Frustrated by what it considered unsympathetic publishers and an apathetic vernacular press, ASRAB eventually took advantage of its connections to present its Tezuka protest directly before several high-profile institutions in the United States.

Those institutions included the Washington D.C.-based Joint Center for Political and Economic Studies; the Black Business Council; the Smithsonian Institution’s National Museum of American History; students and staff of Howard University, the prestigious black college; the New York-based Council on Interracial Books for Children; and the city of Baltimore’s Community Relations Commission, whose director, John B. Ferron, publicly called such images “an absolute insult” to blacks.

The Congressional Black Caucus, an influential group of legislators within the U.S. Congress, also recognized ASRAB’s efforts. Back home in Japan, ASRAB’s campaign was virtually unknown to the public; in the United States the group gained wide-ranging publicity and solidarity from various sectors of the black community.

Not least from the educational field. In spring 1991, two faculty members at Northern Kentucky University decided to open a U.S. branch of ASRAB to help carry on the Osaka organization’s work against racism. The faculty members are Dr. Michael Washington, director of Afro-American Studies, and Dr. Yasue Kuwahara, a communications professor from Tokyo.

Kuwahara’s devotion to the issue of racial prejudice began in 1988 when she was an assistant professor at Xavier University of Louisiana. She went there fully confident that she knew enough about American students to teach at the predominantly black university.
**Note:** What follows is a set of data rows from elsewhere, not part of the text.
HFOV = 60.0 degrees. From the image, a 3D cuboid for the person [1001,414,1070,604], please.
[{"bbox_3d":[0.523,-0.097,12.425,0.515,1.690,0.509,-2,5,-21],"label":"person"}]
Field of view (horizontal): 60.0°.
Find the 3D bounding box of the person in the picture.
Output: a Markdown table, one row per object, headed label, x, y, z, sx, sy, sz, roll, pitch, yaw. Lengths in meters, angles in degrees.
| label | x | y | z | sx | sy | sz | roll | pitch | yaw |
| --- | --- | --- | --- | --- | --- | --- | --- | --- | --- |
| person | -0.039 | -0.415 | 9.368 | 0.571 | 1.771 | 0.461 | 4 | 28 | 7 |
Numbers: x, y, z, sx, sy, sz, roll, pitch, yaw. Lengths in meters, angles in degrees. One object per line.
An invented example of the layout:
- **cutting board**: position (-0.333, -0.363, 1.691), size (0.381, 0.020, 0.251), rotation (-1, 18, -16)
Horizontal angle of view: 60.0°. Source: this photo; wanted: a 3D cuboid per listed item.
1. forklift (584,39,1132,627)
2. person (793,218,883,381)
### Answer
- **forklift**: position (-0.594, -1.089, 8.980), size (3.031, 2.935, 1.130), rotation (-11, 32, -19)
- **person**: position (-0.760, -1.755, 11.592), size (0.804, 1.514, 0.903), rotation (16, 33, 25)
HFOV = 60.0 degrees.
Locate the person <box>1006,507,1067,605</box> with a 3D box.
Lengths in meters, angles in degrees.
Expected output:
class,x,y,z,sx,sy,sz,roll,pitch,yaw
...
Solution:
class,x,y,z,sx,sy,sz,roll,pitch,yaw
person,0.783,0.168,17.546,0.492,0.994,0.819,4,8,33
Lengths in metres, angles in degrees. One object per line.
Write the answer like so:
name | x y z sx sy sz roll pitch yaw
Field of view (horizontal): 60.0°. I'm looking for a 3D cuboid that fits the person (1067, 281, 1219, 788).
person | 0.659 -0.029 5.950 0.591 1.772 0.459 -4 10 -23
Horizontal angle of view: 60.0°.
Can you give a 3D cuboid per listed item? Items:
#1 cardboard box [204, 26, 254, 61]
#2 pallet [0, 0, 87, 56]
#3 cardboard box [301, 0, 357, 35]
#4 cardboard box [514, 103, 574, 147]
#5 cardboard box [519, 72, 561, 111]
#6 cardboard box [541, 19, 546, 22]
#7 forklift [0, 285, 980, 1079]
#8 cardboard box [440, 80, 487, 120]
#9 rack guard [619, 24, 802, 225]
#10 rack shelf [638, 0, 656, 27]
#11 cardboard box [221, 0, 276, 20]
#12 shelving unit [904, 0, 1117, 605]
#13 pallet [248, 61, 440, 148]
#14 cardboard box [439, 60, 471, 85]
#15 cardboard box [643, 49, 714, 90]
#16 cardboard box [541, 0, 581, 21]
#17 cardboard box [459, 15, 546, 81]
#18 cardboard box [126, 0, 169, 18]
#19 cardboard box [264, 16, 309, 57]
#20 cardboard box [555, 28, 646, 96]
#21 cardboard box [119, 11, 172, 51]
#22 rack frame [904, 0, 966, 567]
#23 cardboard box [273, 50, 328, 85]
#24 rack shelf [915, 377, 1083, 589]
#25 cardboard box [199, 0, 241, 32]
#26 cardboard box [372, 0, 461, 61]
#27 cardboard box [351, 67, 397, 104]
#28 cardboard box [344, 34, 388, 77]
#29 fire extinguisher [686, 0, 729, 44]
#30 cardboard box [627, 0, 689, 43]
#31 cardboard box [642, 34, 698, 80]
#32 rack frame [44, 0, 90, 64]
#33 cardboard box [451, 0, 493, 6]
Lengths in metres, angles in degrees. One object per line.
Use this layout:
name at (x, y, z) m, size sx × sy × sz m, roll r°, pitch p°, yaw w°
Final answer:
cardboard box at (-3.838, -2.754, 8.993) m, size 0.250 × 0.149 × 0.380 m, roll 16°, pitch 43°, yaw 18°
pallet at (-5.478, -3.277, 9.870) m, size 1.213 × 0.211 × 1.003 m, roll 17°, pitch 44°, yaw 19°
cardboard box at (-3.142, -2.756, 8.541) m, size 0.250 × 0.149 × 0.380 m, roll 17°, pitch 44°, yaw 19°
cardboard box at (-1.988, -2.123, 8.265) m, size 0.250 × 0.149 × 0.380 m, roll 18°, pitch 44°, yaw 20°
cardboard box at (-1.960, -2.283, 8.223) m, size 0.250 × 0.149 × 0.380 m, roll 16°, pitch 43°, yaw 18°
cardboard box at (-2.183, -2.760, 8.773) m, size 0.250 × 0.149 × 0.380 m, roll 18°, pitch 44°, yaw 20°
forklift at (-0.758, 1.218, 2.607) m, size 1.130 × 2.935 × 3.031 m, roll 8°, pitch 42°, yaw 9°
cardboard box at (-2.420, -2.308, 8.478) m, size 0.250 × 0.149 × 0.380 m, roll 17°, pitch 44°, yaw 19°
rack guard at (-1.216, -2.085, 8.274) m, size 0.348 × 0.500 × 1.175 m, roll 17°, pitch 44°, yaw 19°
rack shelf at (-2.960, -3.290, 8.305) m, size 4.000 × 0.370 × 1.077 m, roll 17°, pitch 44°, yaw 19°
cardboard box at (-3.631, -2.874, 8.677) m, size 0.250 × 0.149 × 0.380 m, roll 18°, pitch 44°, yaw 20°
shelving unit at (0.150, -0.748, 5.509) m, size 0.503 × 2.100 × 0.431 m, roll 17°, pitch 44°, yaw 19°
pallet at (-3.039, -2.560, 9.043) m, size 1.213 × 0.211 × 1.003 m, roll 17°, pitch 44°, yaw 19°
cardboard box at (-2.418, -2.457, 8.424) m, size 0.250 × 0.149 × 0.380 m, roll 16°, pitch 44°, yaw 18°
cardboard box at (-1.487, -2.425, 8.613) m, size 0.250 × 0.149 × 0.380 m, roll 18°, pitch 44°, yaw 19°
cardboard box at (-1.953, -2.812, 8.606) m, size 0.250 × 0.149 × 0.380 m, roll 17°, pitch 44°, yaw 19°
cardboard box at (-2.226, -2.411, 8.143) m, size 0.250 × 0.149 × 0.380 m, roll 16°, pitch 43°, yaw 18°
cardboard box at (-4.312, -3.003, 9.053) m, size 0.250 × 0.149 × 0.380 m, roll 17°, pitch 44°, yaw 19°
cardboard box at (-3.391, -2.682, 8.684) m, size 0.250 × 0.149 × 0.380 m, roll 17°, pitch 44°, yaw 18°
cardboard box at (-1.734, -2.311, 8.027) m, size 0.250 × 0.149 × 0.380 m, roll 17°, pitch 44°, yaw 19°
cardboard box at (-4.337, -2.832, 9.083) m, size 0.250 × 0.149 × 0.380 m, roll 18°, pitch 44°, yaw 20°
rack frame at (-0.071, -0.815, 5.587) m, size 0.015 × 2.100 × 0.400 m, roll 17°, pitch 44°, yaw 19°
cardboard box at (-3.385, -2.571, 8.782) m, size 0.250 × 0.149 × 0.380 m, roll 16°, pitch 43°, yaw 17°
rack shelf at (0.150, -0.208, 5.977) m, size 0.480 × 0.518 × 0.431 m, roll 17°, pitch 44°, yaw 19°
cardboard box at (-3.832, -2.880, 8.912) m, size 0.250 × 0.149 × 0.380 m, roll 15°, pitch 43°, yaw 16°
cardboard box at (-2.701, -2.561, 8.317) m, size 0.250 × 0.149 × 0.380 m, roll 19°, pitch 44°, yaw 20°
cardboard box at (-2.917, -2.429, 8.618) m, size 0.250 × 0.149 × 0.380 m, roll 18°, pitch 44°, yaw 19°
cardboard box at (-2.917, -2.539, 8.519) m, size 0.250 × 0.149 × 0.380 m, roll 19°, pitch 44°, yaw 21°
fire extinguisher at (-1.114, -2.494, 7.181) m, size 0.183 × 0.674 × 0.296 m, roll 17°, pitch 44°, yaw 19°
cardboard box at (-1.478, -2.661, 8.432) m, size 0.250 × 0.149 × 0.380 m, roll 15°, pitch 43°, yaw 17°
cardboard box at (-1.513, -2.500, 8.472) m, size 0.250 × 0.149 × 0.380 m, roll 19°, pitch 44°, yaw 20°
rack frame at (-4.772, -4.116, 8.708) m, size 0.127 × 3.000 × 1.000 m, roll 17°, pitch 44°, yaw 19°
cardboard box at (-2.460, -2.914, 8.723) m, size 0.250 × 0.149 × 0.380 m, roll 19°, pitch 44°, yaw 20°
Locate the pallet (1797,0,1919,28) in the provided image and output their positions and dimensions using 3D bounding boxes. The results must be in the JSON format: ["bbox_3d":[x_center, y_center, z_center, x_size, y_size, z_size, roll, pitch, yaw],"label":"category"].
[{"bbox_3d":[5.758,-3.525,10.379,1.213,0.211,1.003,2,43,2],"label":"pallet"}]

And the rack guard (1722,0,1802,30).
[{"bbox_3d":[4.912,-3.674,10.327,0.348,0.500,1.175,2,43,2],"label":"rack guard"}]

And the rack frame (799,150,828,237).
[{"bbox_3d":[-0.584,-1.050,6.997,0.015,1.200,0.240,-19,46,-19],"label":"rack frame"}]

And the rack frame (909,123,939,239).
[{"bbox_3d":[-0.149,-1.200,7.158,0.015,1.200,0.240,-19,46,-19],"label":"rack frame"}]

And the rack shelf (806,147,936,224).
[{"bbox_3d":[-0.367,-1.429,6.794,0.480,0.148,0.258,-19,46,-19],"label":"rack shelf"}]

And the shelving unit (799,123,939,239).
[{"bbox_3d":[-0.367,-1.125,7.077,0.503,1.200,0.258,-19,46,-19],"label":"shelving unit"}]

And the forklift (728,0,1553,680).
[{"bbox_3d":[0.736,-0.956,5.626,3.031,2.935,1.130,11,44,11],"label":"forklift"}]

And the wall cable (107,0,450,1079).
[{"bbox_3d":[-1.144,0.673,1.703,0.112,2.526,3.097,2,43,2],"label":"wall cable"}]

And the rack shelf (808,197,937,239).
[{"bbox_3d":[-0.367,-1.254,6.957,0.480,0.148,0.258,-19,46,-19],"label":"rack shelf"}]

Instead, she said, like “an average Japanese person,” she discovered how little she knew about black people and culture.

The professor spent the rest of the year being educated about African-American culture by her own students, an experience that changed her life. “I made up my mind then that I would dedicate my life to the undoing of racism,” she says.

Kuwahara was instrumental in launching last year’s wide-ranging U.S. letter-writing campaign to Tezuka Productions, demanding that the Tezuka cartoons containing stereotyped images of blacks be discontinued. She says the campaign is supported by more than 200 religious, educational and peace organizations.